[[ Data for this task, beginning ]]
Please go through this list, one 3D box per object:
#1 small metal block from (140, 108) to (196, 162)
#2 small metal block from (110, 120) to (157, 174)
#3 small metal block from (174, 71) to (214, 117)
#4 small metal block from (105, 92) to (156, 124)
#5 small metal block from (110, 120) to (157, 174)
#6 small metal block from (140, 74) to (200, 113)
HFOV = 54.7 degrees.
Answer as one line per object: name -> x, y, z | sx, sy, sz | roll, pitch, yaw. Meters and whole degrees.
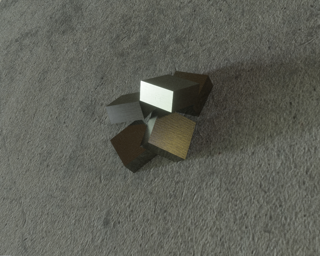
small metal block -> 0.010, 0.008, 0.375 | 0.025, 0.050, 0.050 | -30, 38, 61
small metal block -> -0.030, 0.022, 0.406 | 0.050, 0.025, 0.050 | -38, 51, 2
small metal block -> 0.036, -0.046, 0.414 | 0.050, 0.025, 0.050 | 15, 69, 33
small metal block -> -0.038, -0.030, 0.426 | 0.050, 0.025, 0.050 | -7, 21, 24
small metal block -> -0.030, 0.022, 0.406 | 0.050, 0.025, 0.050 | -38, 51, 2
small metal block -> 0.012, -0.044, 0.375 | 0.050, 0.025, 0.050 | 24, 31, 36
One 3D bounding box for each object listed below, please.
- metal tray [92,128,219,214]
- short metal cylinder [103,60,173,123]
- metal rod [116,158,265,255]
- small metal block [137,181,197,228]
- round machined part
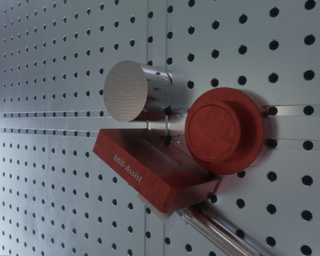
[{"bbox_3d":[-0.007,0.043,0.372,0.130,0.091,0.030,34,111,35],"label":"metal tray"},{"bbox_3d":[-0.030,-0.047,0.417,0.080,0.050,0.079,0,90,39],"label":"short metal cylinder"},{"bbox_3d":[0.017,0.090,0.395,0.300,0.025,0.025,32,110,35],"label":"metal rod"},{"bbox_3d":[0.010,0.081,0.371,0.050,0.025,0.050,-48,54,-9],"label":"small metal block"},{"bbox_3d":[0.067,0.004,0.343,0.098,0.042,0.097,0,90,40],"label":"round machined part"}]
[[ Data for this task, end ]]
Work task
Scan the records above for the lines holding "- metal rod [116,158,265,255]" and "- small metal block [137,181,197,228]". Transcribe those two and every line between them word for word, and no others.

Result
- metal rod [116,158,265,255]
- small metal block [137,181,197,228]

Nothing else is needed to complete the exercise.